The question can be answered when one assumes an orthogonal matrix of predictors. Then the right singular vector matrix $\mathbf V$ equals the identity matrix $\mathbf I$, and the derivation below holds only for this case.
Consider the lasso problem
$$
\min_{\mathbf \beta} \frac12 ||\mathbf X \mathbf \beta - \mathbf y||^2_2 + \lambda ||\beta||_1
$$
Use the singular value decomposition
\begin{align}
\mathbf X &= \mathbf U \, \mathbf D\, \mathbf V^T\\
&= \sum_i \mathbf u_i \, d_i \mathbf v^T_i
\end{align}
and also expand $\beta$ and $\mathbf y$ as
\begin{align}
\beta &= \sum_i \beta_i \mathbf v_i\,\\
\mathbf y &= \sum_i y_i \mathbf u_i
\end{align}
Insert the whole stuff into the lasso functional to obtain
\begin{align}
\min_{\beta_i} \left(\sum_i \frac12 |\beta_i d_i - y_i|^2 + \lambda |\beta_i|\right)
\end{align}
In the SVD basis, the Lasso minimization problem thus decomposes into separate problems for each component.
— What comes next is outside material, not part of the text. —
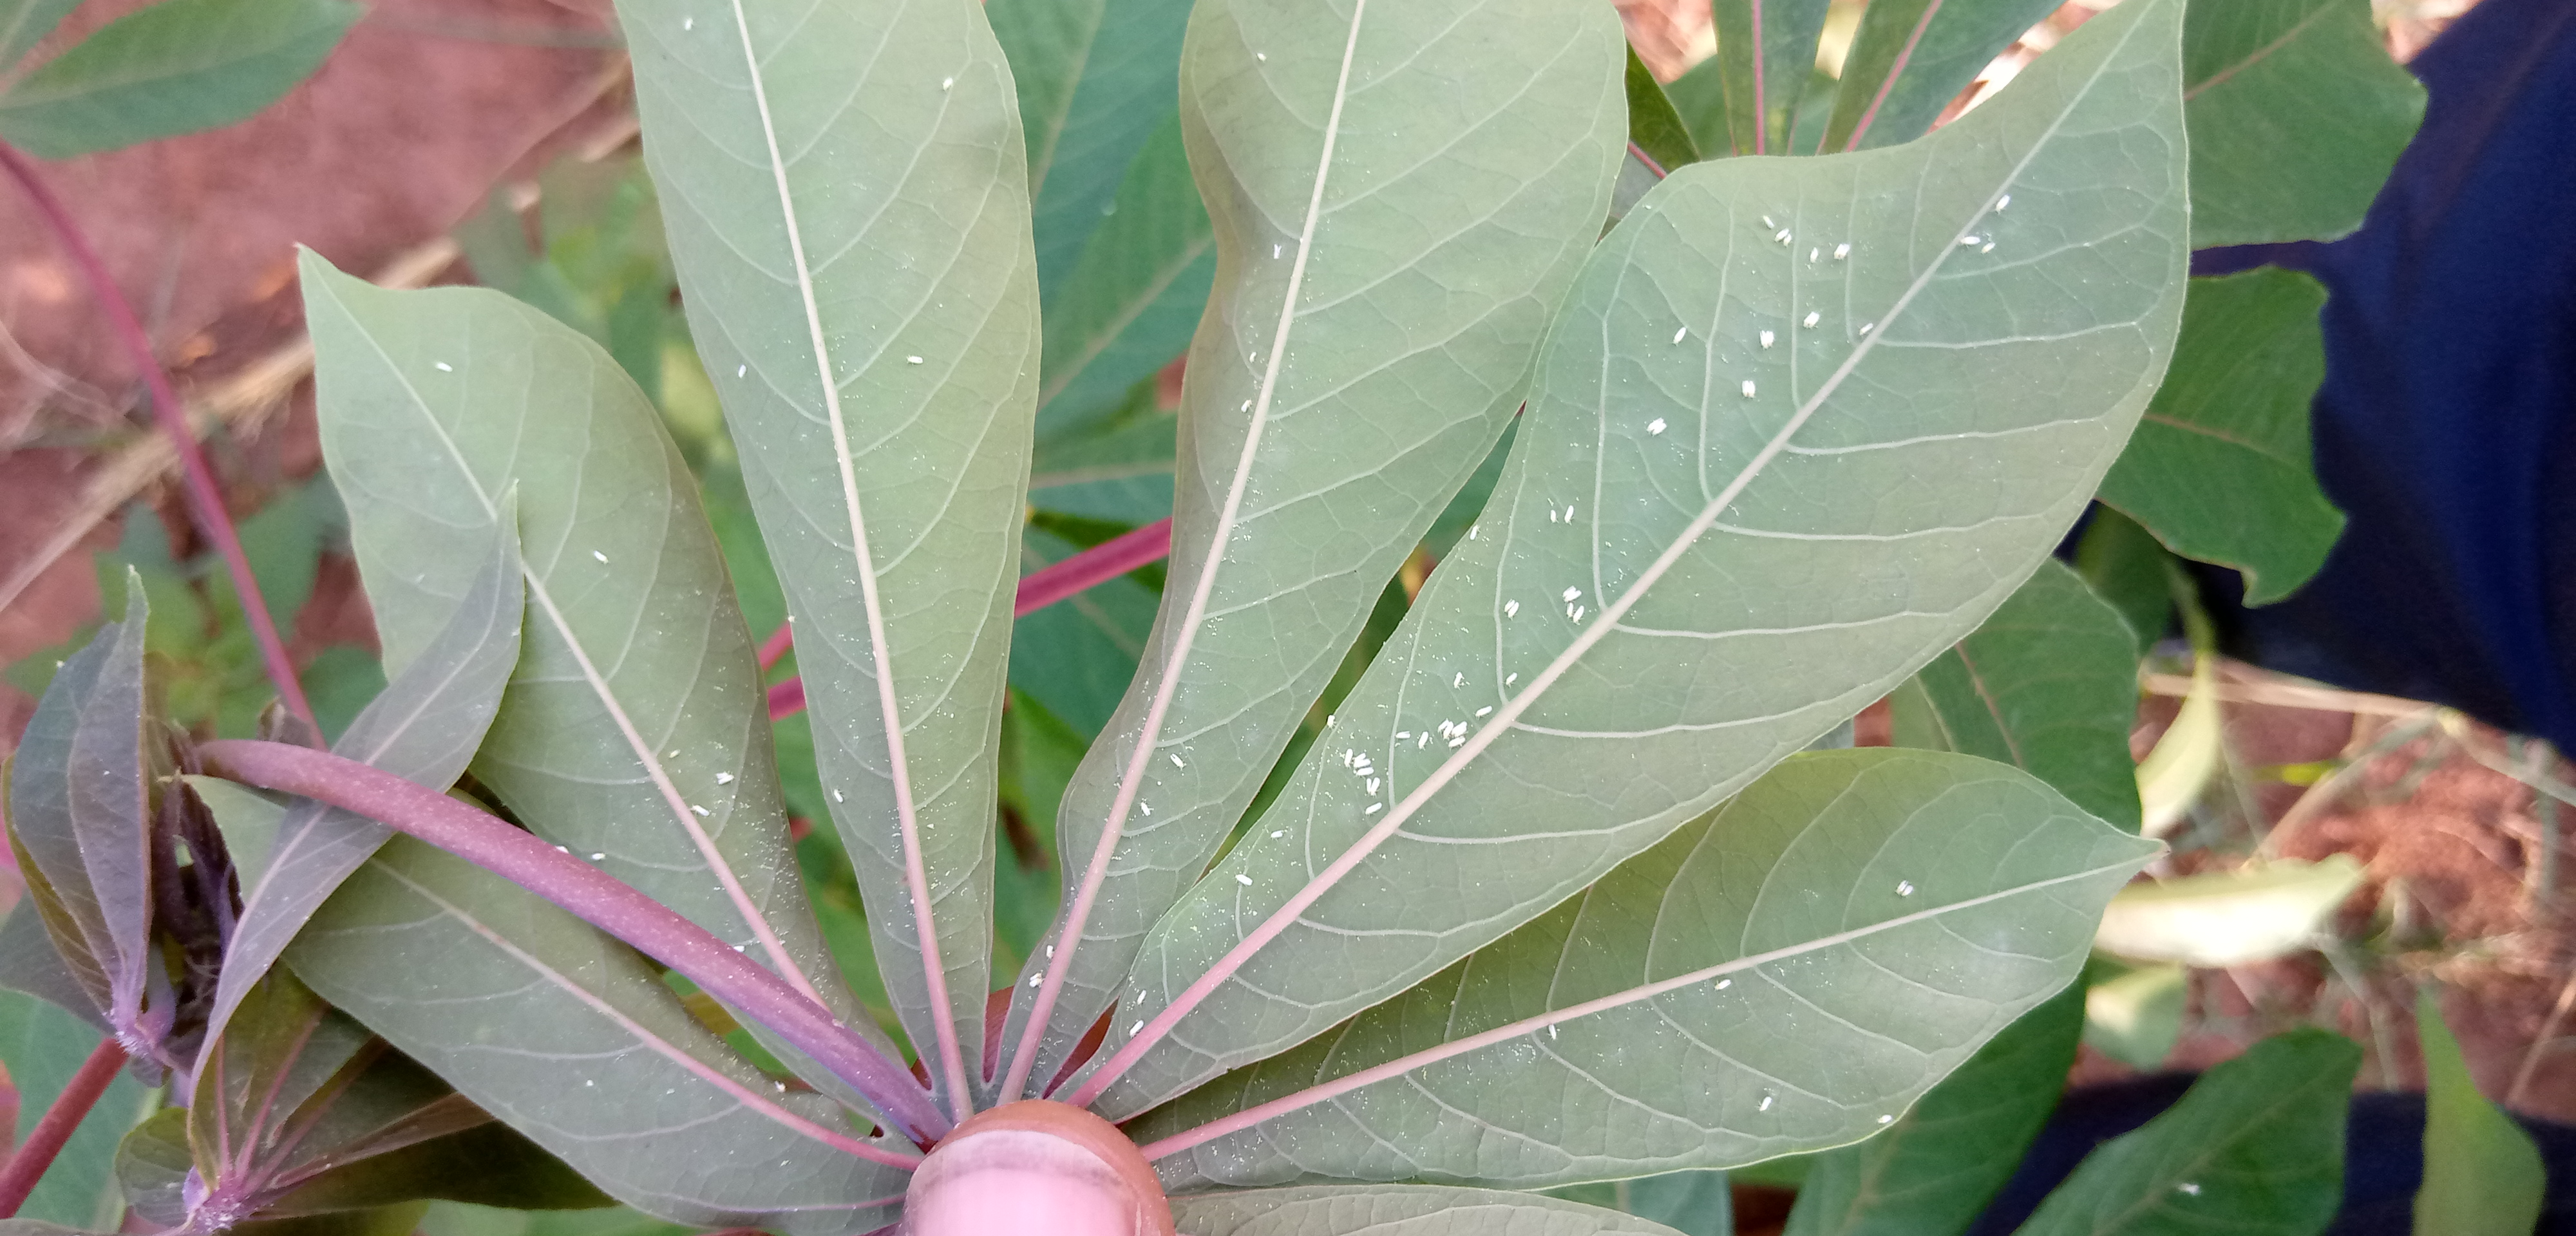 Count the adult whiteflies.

78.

For a vanishing singular value, $d_i=0$, the solution is $\beta_i=0$, so let's consider only the case $d_i >0$. For this, one can rewrite the previous equation as
$$\min_{\beta_i} \frac12 \left|\beta_i - \frac{y_i}{d_i}\right|^2 + \frac{\lambda}{d_i^2} \left|\beta_i\right|$$
As stated in the other answer, and also derived here, the solution of this problem is
$$
\beta^{Lasso}_i \ = \ \begin{cases} 0 &,\ |d_i y_i| \le \lambda \\ \frac{y_i}{d_i} - \frac{\lambda}{d_i^2} & ,\ |d_i y_i| > \lambda \end{cases}
$$
Compare this to the corresponding solution of the ordinary least squares problem and ridge regression (with regularization parameter $\alpha$):
\begin{align}
\beta_i^{OLS} &= \frac{y_i}{d_i}\\
\beta_i^{ridge} &= \frac{y_i}{\tilde d_i}, \quad \text{where}\ \ \tilde d_i = d_i \cdot \frac{d_i^2+\alpha}{d_i^2}
\end{align}
As is well known, ridge regression can be obtained by scaling a given singular value $d_i$ with a factor that depends on $d_i$ and $\alpha$.
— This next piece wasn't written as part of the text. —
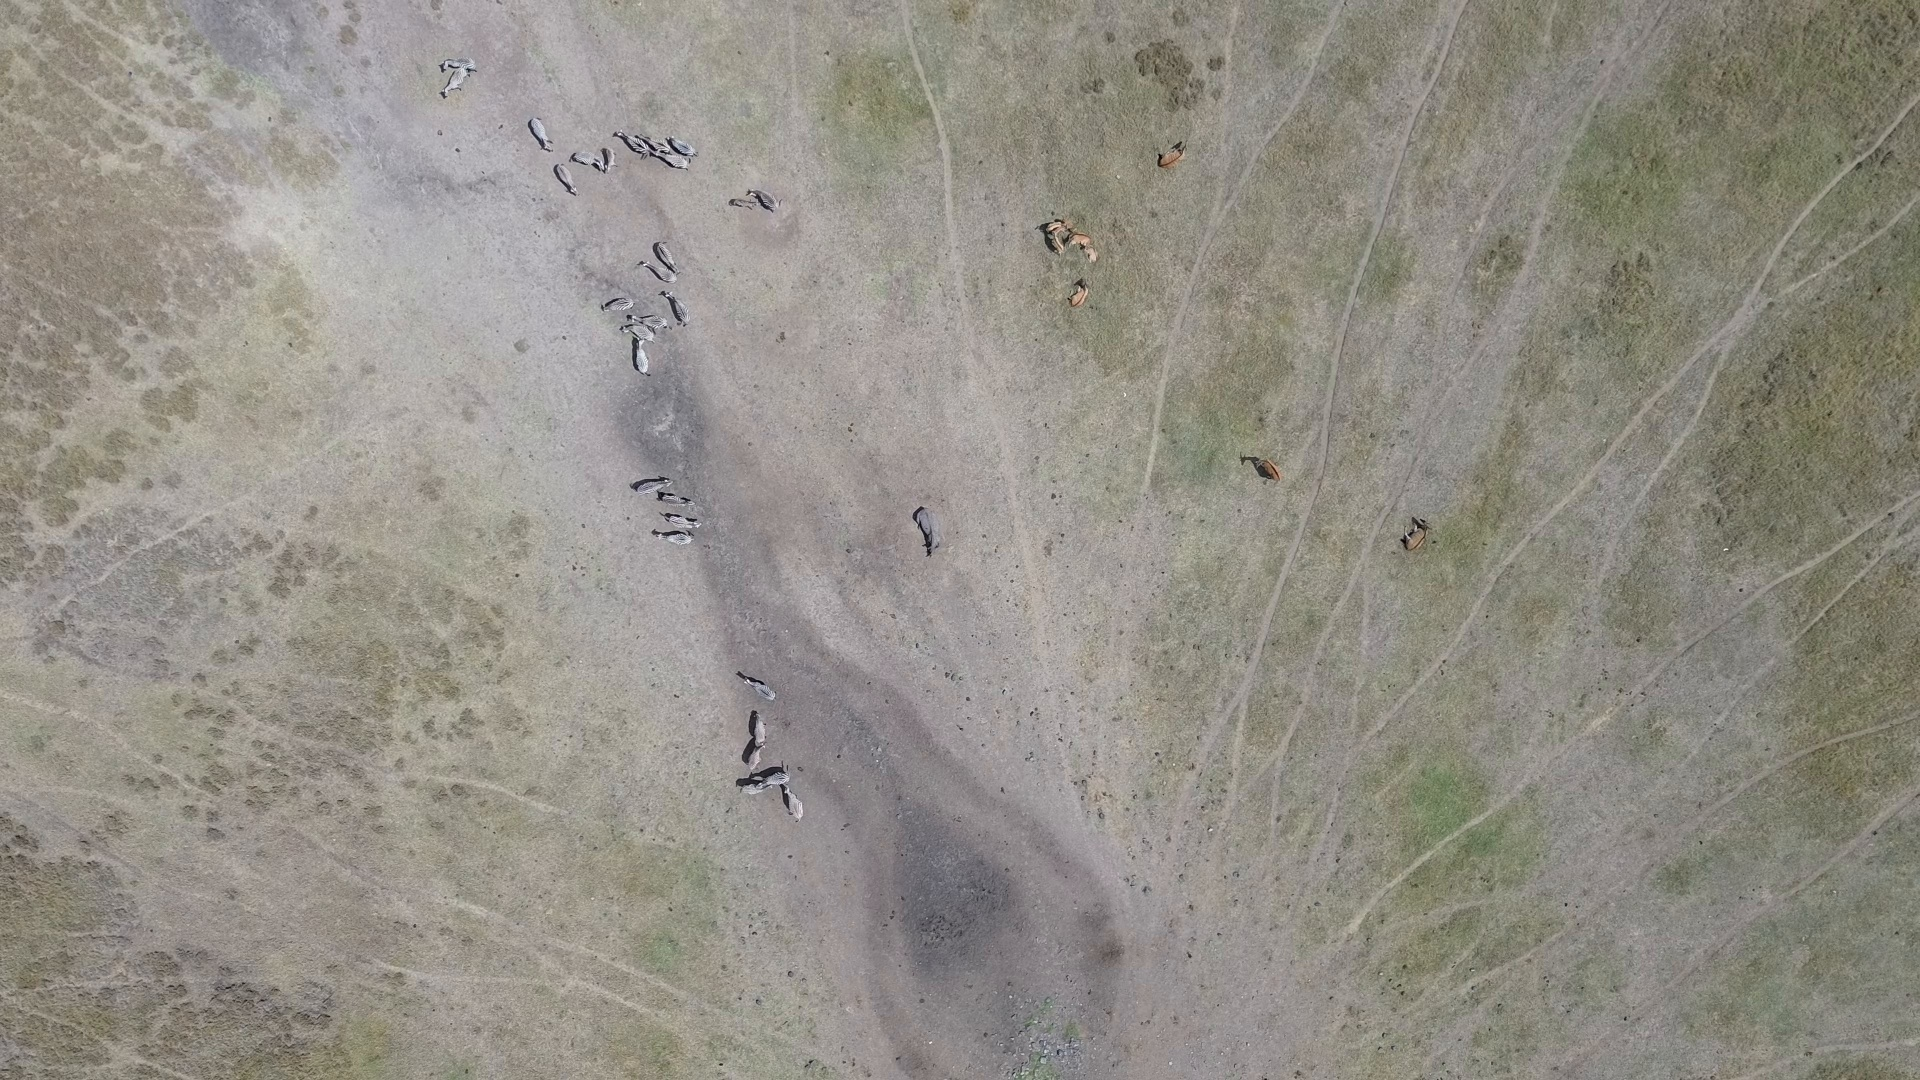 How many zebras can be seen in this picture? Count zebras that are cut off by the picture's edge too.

29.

On the other hand, the Lasso solution is more complex and also depends on the target $y_i$. With a good amount of enforcement, one can write the adjusted singular values as
$$
\beta_i^{Lasso} = \frac{y_i}{\bar d_i}, \quad \text{where} \ \ \bar d_i = d_i \frac{1}{\left(1 - \frac{\lambda}{d_i y_i}\right)\theta\big(|d_i y_i|-\lambda\big)}
$$
where $\theta$ is the Heaviside step function, which is zero for $|d_i y_i|<\lambda$ and otherwise one.
EDIT: Please note that for a general predictor matrix, the above statement is wrong, for two reasons: first and informally, if it would be correct, it would be the standard approach for an easy Lasso solution. Second, the formal reason why this doesn't work is that the L1-norm is not invariant under orthogonal transformations. So when one does the expansion of $\beta$ in two orthonormal basis sets, $\beta = \sum_i \beta_i \mathbf e_i = \sum_i b_i \mathbf v_i$, one has $\sum_i |\beta_i| \neq \sum_i |b_i|$.
So, what it does is not to solve the Lasso problem, but rather the more exotic Lasso problem
$$
\min_{\mathbf \beta} \frac12 ||\mathbf X \mathbf \beta - \mathbf y||^2_2 + \lambda ||\mathbf V^T \beta||_1
$$